__What you will do__: Would you filter the listing below so that only lines with the word "February" remain?

─── Records for processing ───

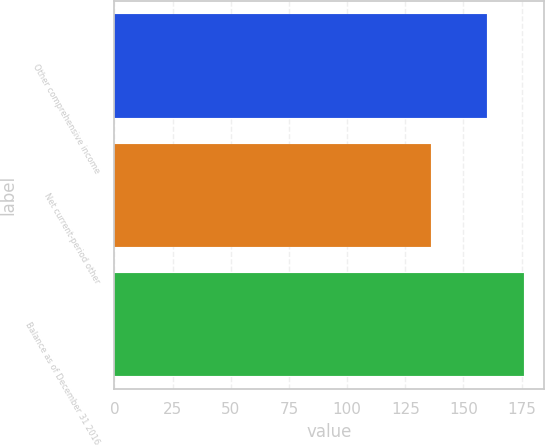<chart> <loc_0><loc_0><loc_500><loc_500><bar_chart><fcel>Other comprehensive income<fcel>Net current-period other<fcel>Balance as of December 31 2016<nl><fcel>160<fcel>136<fcel>176<nl></chart> 
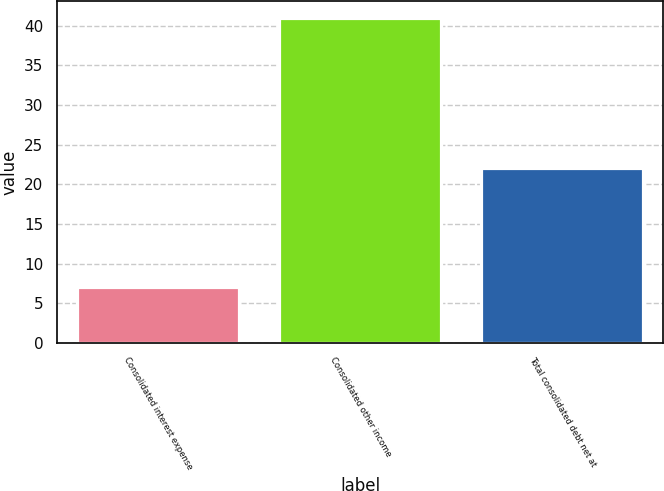<chart> <loc_0><loc_0><loc_500><loc_500><bar_chart><fcel>Consolidated interest expense<fcel>Consolidated other income<fcel>Total consolidated debt net at<nl><fcel>7<fcel>41<fcel>22<nl></chart> 
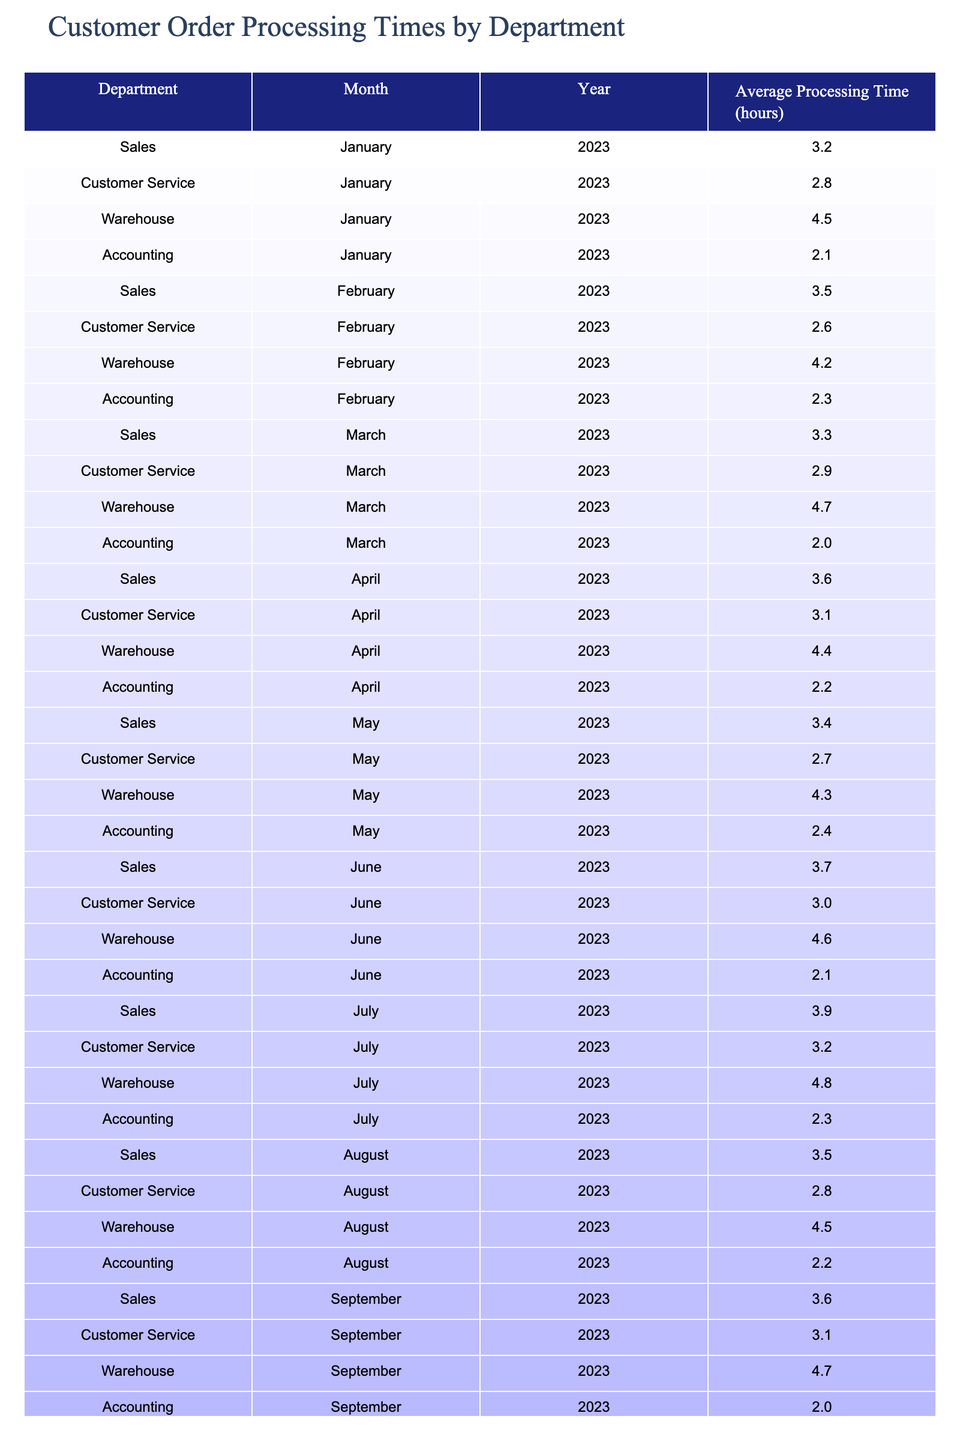What is the average processing time for the Warehouse department in December 2023? Looking at the table, the average processing time for the Warehouse department in December 2023 is listed directly as 4.9 hours.
Answer: 4.9 hours Which department had the shortest average processing time in January 2023? From the table, the average processing times for January 2023 are: Sales (3.2), Customer Service (2.8), Warehouse (4.5), and Accounting (2.1). The shortest time is for Accounting at 2.1 hours.
Answer: Accounting What is the total average processing time for Customer Service across all months? To calculate the total for Customer Service, add the monthly averages: 2.8 + 2.6 + 2.9 + 3.1 + 2.7 + 3.0 + 3.2 + 3.0 = 22.3 hours. The total average is then 22.3/8 = 2.79 hours (rounded to two decimal places).
Answer: 2.79 hours Did the Accounting department process orders faster on average in August than in July? The table shows that the average processing time for Accounting in August is 2.2 hours and in July is 2.3 hours. Since 2.2 is less than 2.3, Accounting was faster in August.
Answer: Yes What is the difference in average processing time between Sales and Warehouse departments in March 2023? In March 2023, Sales had an average time of 3.3 hours and Warehouse had 4.7 hours. The difference is 4.7 - 3.3 = 1.4 hours.
Answer: 1.4 hours Which month in 2023 had the highest average processing time for the Warehouse department? Inspecting the table, the average processing times for the Warehouse department across months are: January (4.5), February (4.2), March (4.7), April (4.4), May (4.3), June (4.6), July (4.8), August (4.5), September (4.7), October (4.4), November (4.6), December (4.9). December 2023 had the highest average processing time of 4.9 hours.
Answer: December 2023 Is the average processing time for Sales in April greater than that in June? The average processing time for Sales in April is 3.6 hours, and in June, it is 3.7 hours. Since 3.6 is less than 3.7, it is not greater in April.
Answer: No What is the average processing time for all departments combined in July 2023? For July: Sales (3.9) + Customer Service (3.2) + Warehouse (4.8) + Accounting (2.3) = 14.2 hours combined. The average is 14.2/4 = 3.55 hours.
Answer: 3.55 hours Which department consistently has the highest processing times in the first half of 2023? Reviewing the first half of 2023, Warehouse registration times: January (4.5), February (4.2), March (4.7), April (4.4), May (4.3), June (4.6) indicates it has the highest times in all those months compared to others.
Answer: Warehouse What is the median processing time for Customer Service across the 12 months of 2023? Listing the Customer Service processing times: 2.6, 2.7, 2.8, 2.9, 3.0, 3.0, 3.1, 3.2, sorted gives us: 2.6, 2.7, 2.8, 2.9, 3.0, 3.0, 3.1, 3.2. The median, being the average of the 6th and 7th values (3.0 and 3.1), is (3.0 + 3.1)/2 = 3.05.
Answer: 3.05

───

__Response area__:
Answer: 1.4 hours Which month in 2023 had the highest average processing time for the Warehouse department? Inspecting the table, the average processing times for the Warehouse department across months are: January (4.5), February (4.2), March (4.7), April (4.4), May (4.3), June (4.6), July (4.8), August (4.5), September (4.7), October (4.4), November (4.6), December (4.9). December 2023 had the highest average processing time of 4.9 hours.
Answer: 3.55 hours Which department consistently has the highest processing times in the first half of 2023? Reviewing the first half of 2023, Warehouse registration times: January (4.5), February (4.2), March (4.7), April (4.4), May (4.3), June (4.6) indicates it has the highest times in all those months compared to others.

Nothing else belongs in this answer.